> _GIVEN DATA_
────────────────────

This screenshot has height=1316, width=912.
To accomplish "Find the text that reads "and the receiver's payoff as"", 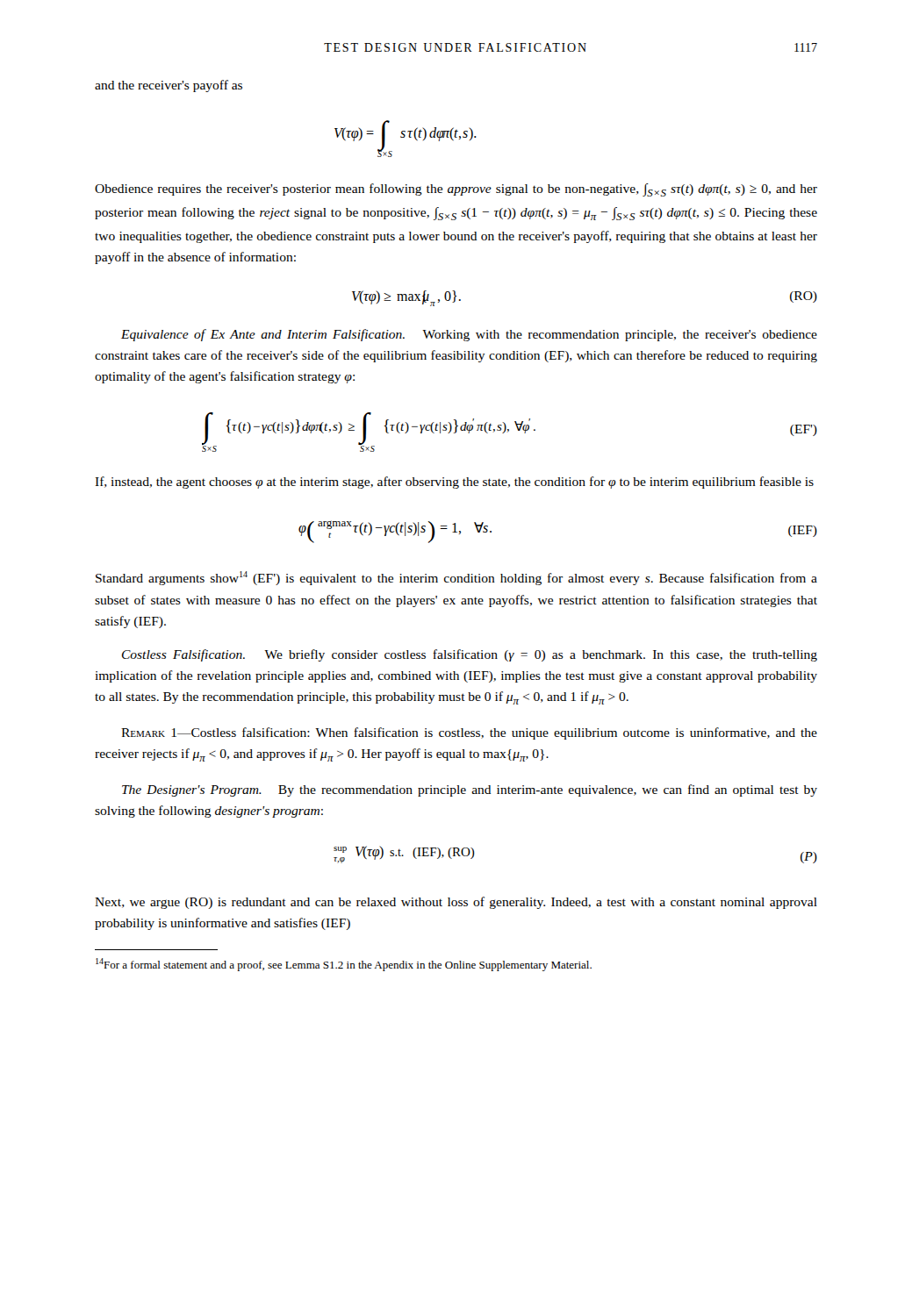I will tap(169, 85).
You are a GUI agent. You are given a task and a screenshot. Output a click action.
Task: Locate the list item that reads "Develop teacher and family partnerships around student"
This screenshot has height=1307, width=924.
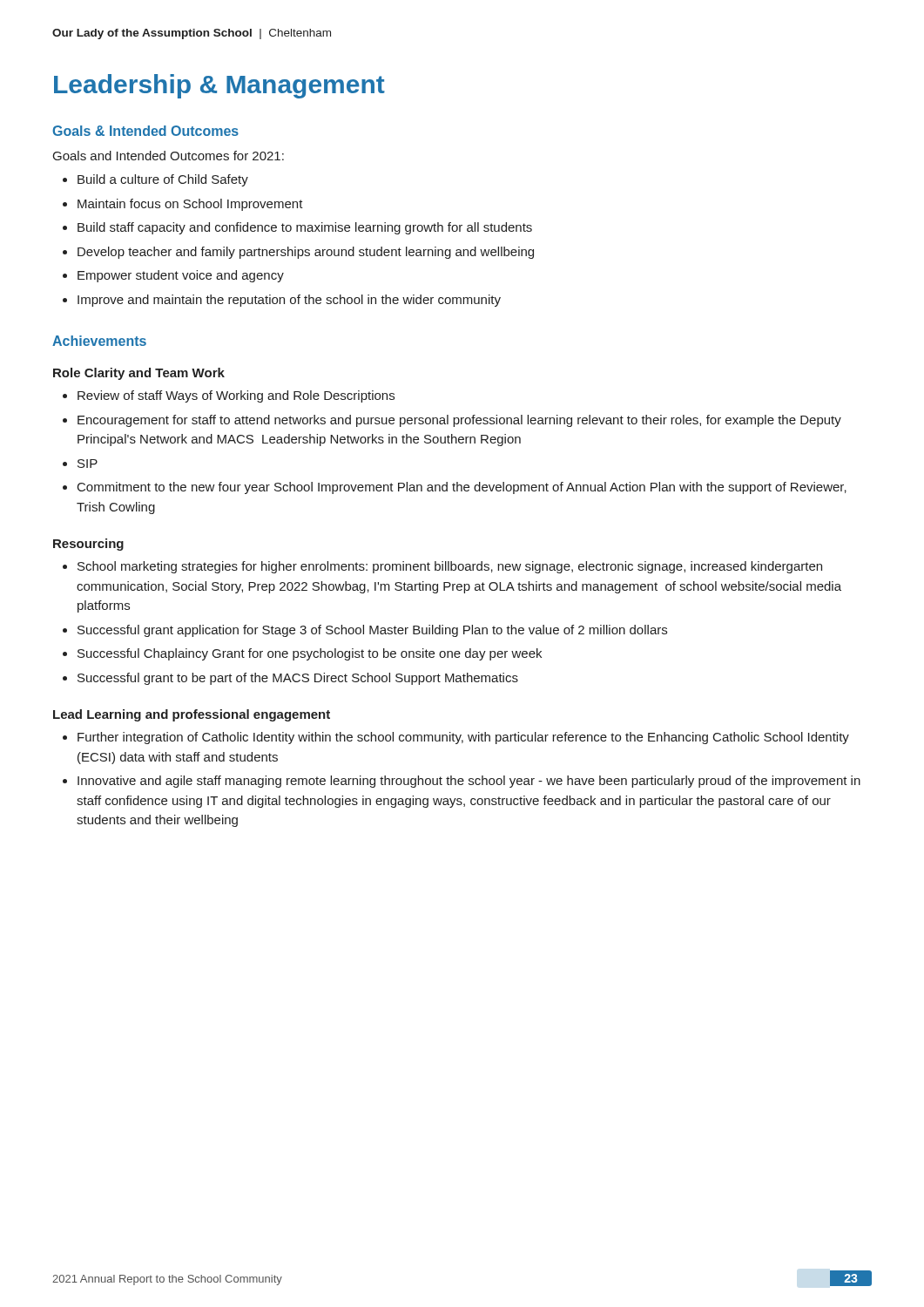[306, 251]
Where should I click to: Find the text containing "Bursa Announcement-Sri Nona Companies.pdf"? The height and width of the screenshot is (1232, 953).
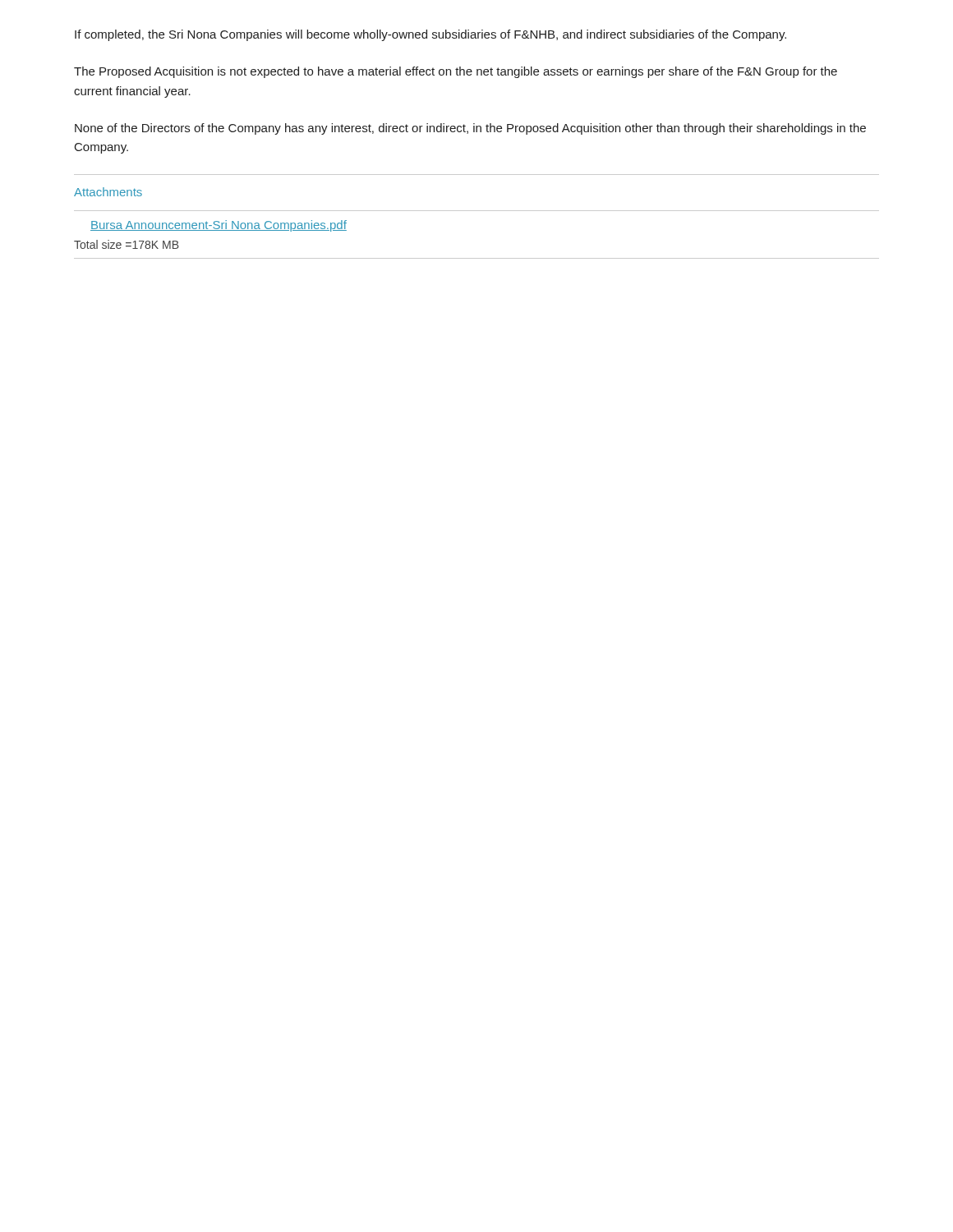point(218,225)
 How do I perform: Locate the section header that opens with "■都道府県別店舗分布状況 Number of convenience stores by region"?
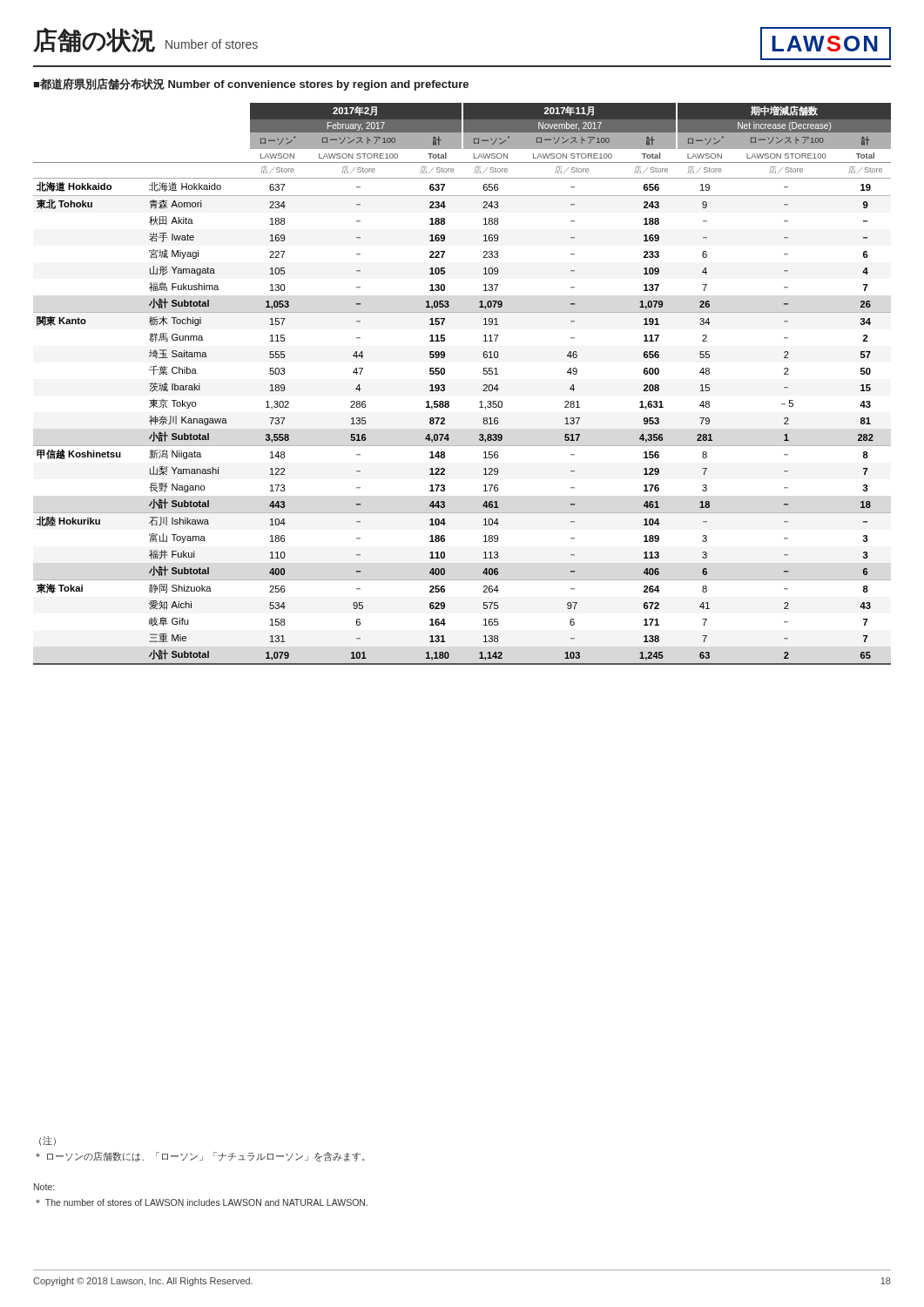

────────────────────

> _REQUIRED WORK_
Please repeat exactly the lines from the one containing "Where should I" through the last line of the records, both included, and leave out the pictures.

> _TASK SOLUTION_
Where should I click to: Find the text containing "Bursa Announcement-Sri Nona Companies.pdf"? The height and width of the screenshot is (1232, 953).
point(218,225)
 How do I perform: Locate the section header that opens with "■都道府県別店舗分布状況 Number of convenience stores by region"?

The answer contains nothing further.